* **TASK GOAL**
Output all of the data exactly as it appears, but leave out any pictures it contains.

* **TASK INPUT**
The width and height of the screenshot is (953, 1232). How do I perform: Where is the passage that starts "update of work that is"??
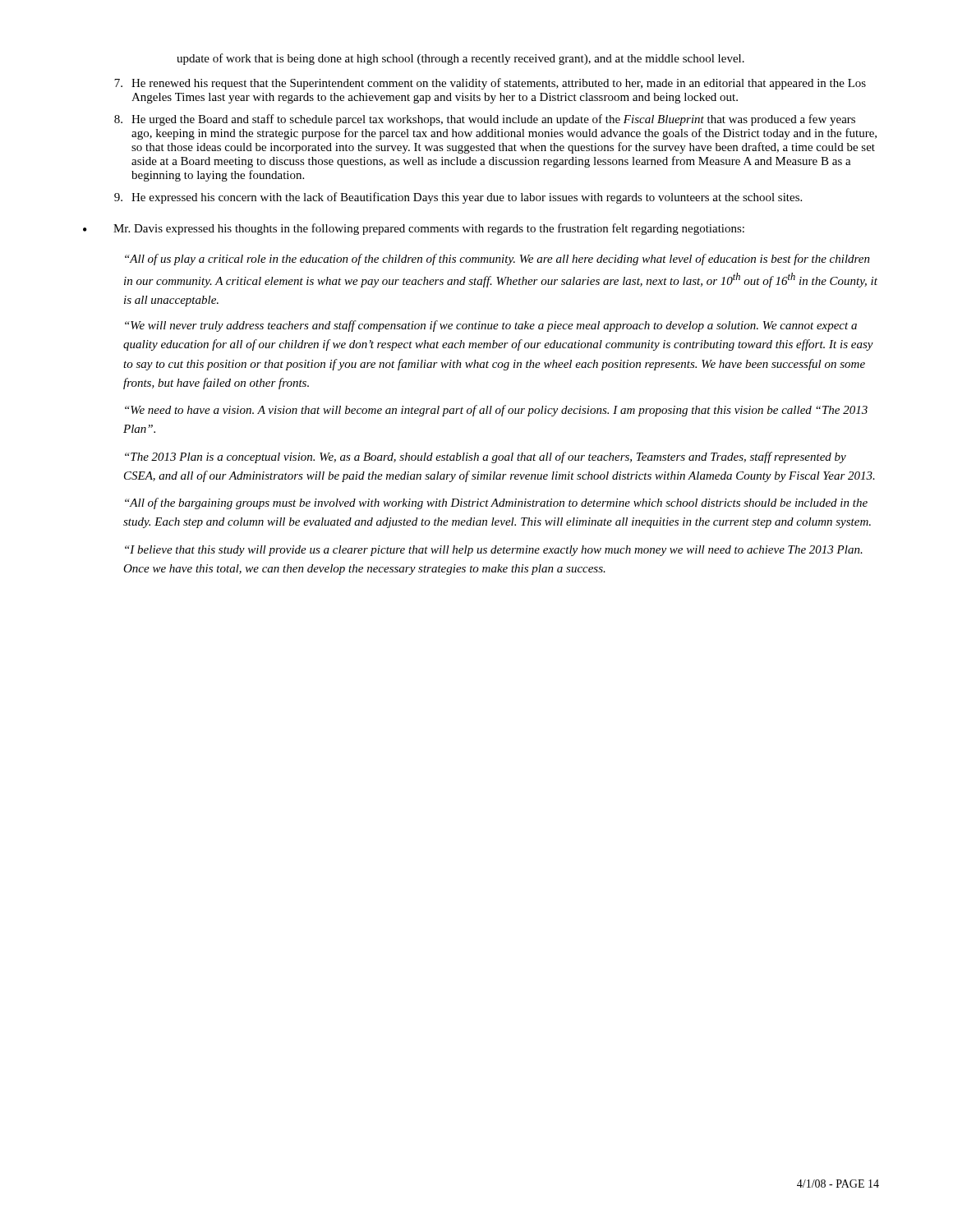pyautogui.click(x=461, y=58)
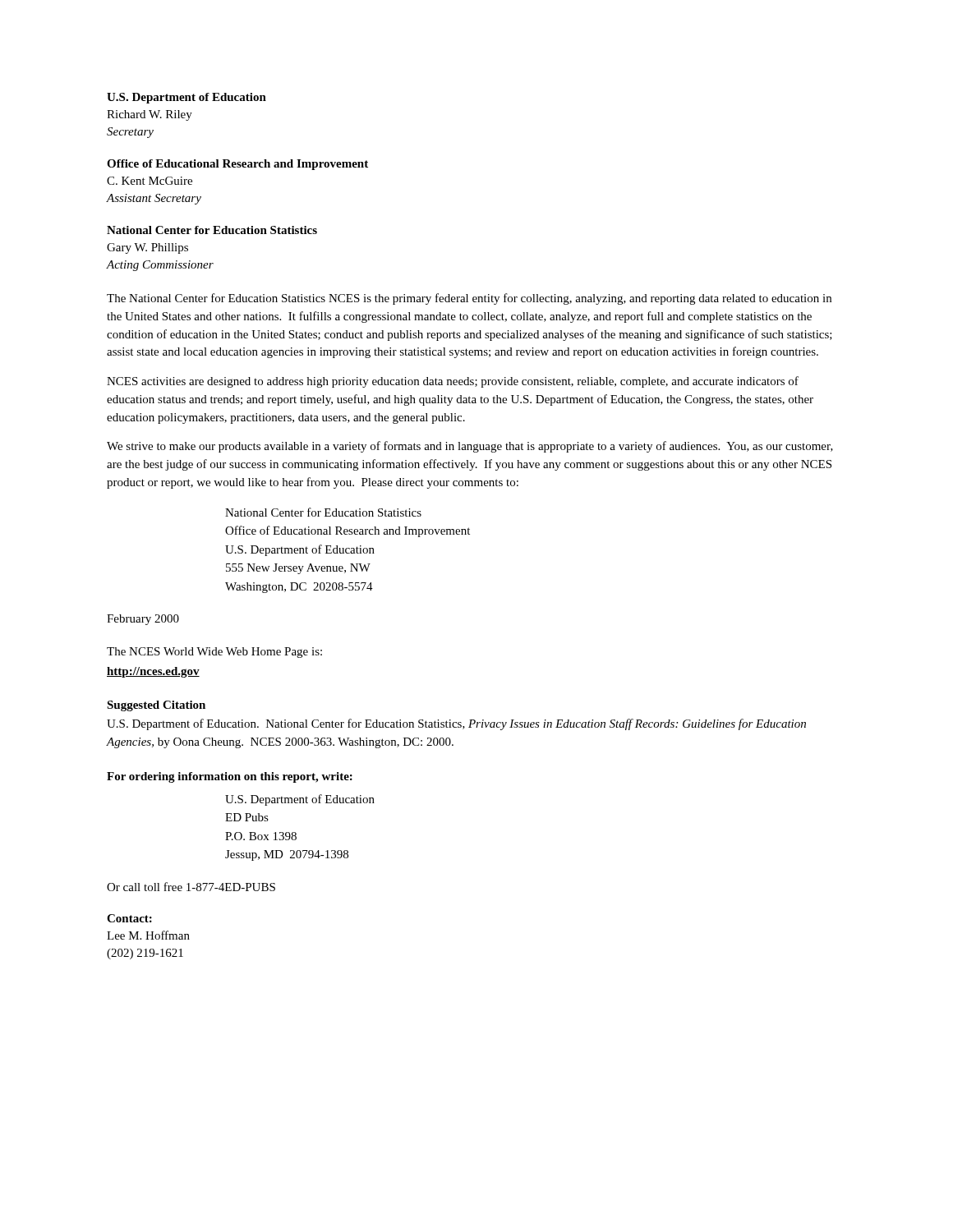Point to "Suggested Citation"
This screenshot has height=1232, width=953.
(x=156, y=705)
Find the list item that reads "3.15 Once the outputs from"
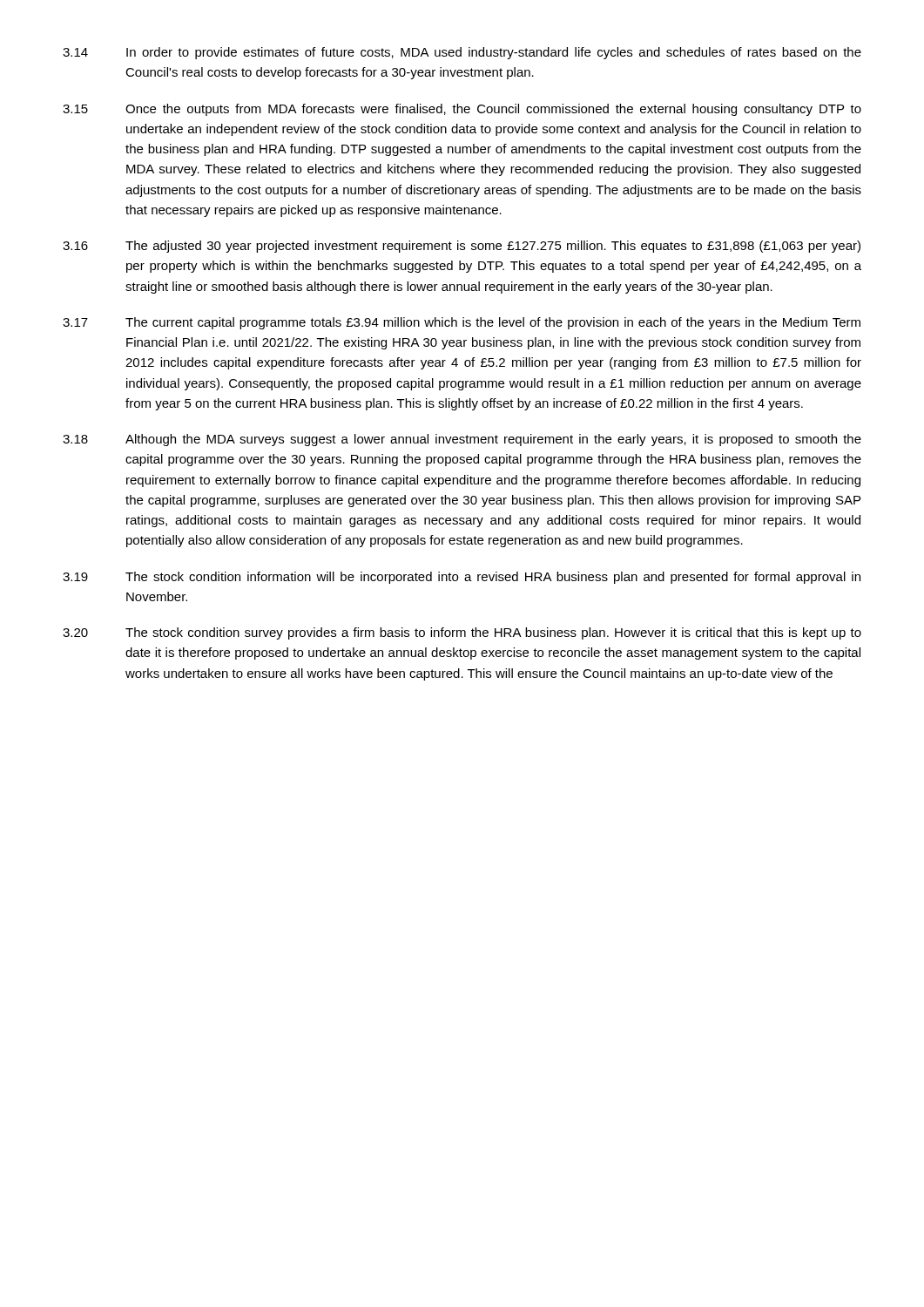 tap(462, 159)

* **TASK SOLUTION**
The width and height of the screenshot is (953, 1232). How do I perform: Where is the passage that starts "update of work that is"??
pyautogui.click(x=461, y=58)
Point to "Suggested Citation"
This screenshot has height=1232, width=953.
(x=156, y=705)
Find the list item that reads "3.15 Once the outputs from"
 tap(462, 159)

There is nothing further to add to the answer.